EDINBURGH have rested three key players for this evening’s Champions Cup pool clash away to Sale Sharks, but assistant coach Steve Lawrie insists that this is not a declaration of defeat in the campaign to make it into the last eight of European club rugby’s top-tier competition.

Current Scotland squad members Darcy Graham and Jamie Ritchie have been rested, as has vice-captain Henry Pyrgos, opening the door for youngsters Jack Blain and Charlie Shiel to get their first real taste of rugby at this level, while Magnus Bradbury has also been restored to the starting XV.

Last week’s narrow loss at home to La Rochelle means that even if the capital side manage bonus-point wins in their three remaining pool matches they will still be relying on results elsewhere going their way, but Lawrie vowed that as long as there is a chance of making the quarter-finals the team will fight tooth and nail to achieve that goal.

“We pick every team to win the game,” he insisted. “We want to win this game in the here and now. We’re going down there to put in a performance and to get the points.

“Even if you’re not in the top comp, you might end up in the middle comp [Challenge Cup] as one of the best runners-up at the end of the pool stage, and it’s really important to us to make sure we’re playing games on the biggest stage we can. But we’re also looking after the guys who have been through a few hard weeks with the Scotland squad so Jamie and Darcy have rest protocols which means a down-week this week.

“They’ve gone from the Nations Cup, back into club duty and then there is the Six Nations coming down the track as well, so we’ve got to make sure we’re clever in terms of how we use the squad.

“Henry is similar because he’s played a lot of rugby since his return from injury and there is a lot of quality in our squad, so this is an opportunity for other people to play.

“We don’t play what would be perceived externally as our best team all the time because guys need opportunities and we’ve got trust in the guys coming in – so people like Charlie Shiel and Jack Blain starting this weekend is really exciting.

For Shiel in particular it is going to be a baptism of fire.
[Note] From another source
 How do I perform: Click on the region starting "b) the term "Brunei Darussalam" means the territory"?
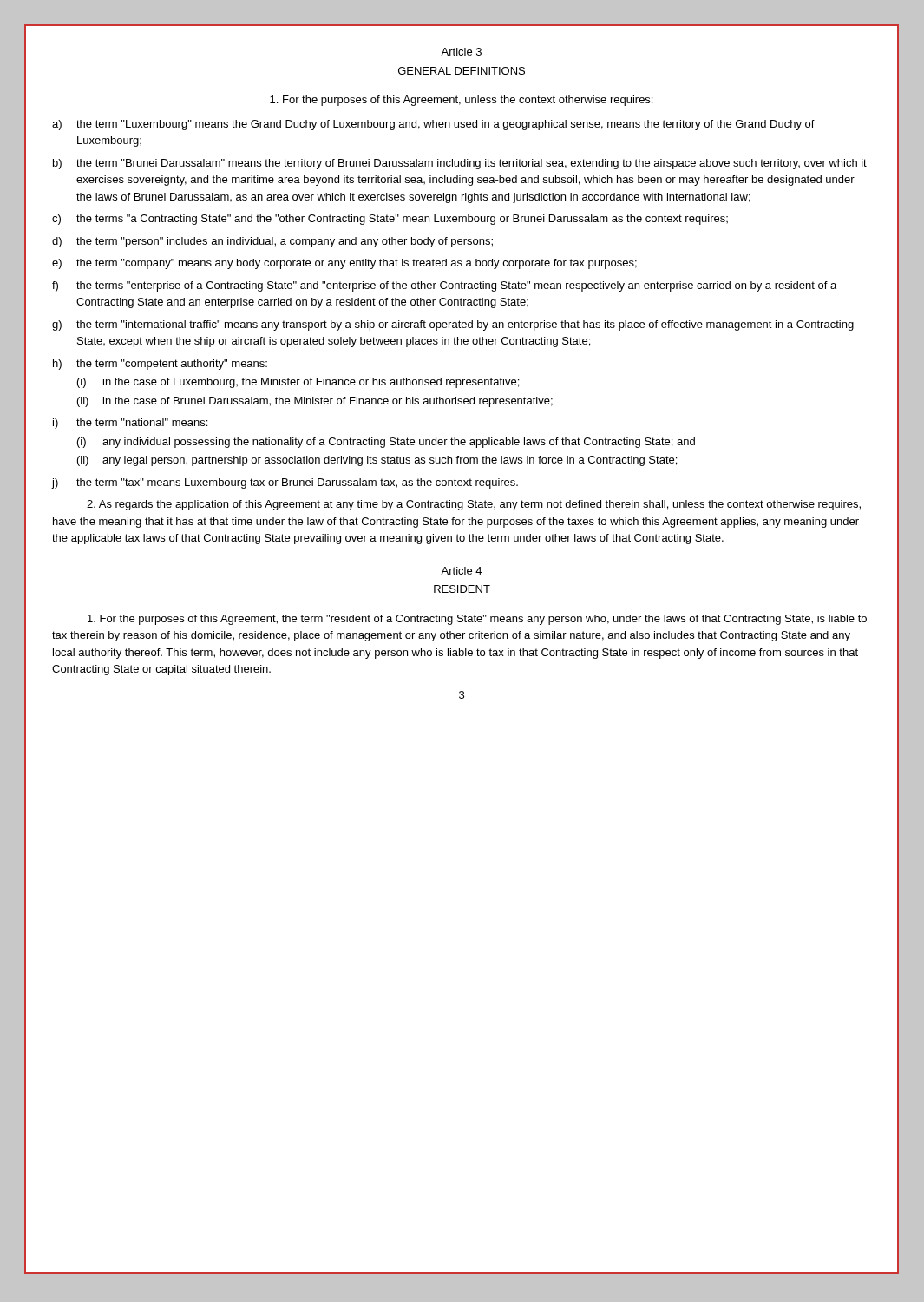(462, 179)

The 23-year-old has played at this level before but it was only four minutes off the bench in Edinburgh’s quarter-final defeat to Munster two seasons ago. This will be his first start and he is up against arguably the best scrum-half in world rugby at the moment in Faf de Klerk.

“It’s massive for him, what a great opportunity,” enthused Lawrie. “He’s at a stage now where he’s played a good bit of rugby for us in the PRO14 – whether that be off the bench or the couple of starts that he’s had – so this is the next step for him.
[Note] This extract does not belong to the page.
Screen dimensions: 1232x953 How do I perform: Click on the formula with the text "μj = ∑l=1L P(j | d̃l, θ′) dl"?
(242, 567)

“Faf is an excellent player, but we recognise that Charlie has a lot of the same characteristics,” he added. “In terms of Charlie’s ability to speed up a game with his running threat, that’s probably one of Faf’s biggest strengths, too, along with his toughness. At nine, there is no hiding place.

“You’re one of the leaders within the group and Charlie is developing that side of his game nicely. I don’t think you ever turn round and say: ‘He’s all of sudden gone from a young prospect into an absolutely established member.’ So, it is a process and it’s our job as coaches to bleed him in appropriately.

“But if you’re good enough then you’re old enough, aren’t you? And if he puts in a good performance here, he will put himself in the best place to start the next game.”

20-year-old Blain will be making his sixth start of the season but getting his first taste of the Champions Cup.

“Jack has come in and played really well,” said Lawrie. “He’s got areas to develop around systems and understanding that side of the game, but he’s a really nice runner, really good under the high ball and he’s a threat, which is exciting.

“He’s a good professional and he works hard. It’s just about him continuing to develop and this is another good opportunity for him to do that.”

Sale also lost their opening game of this Champions Cup campaign – 26-14 away to Toulon – and have had a bit of upheaval in recent week with long-serving director of rugby Steve Diamond abruptly resigning with immediate effect at the start of the month.
“Paul Deacon has taken over and he was coaching at the club before, so it’s not like they’ve changed their coaching group massively,” said Lawrie. “I would expect them to be doing more of the same.

“With the South Africans in their team, they want to play that physical, on-the-gain-line type of game. They will look to play in the appropriate areas and they’ve got a pretty set structure as well. We’re ready for the challenge.”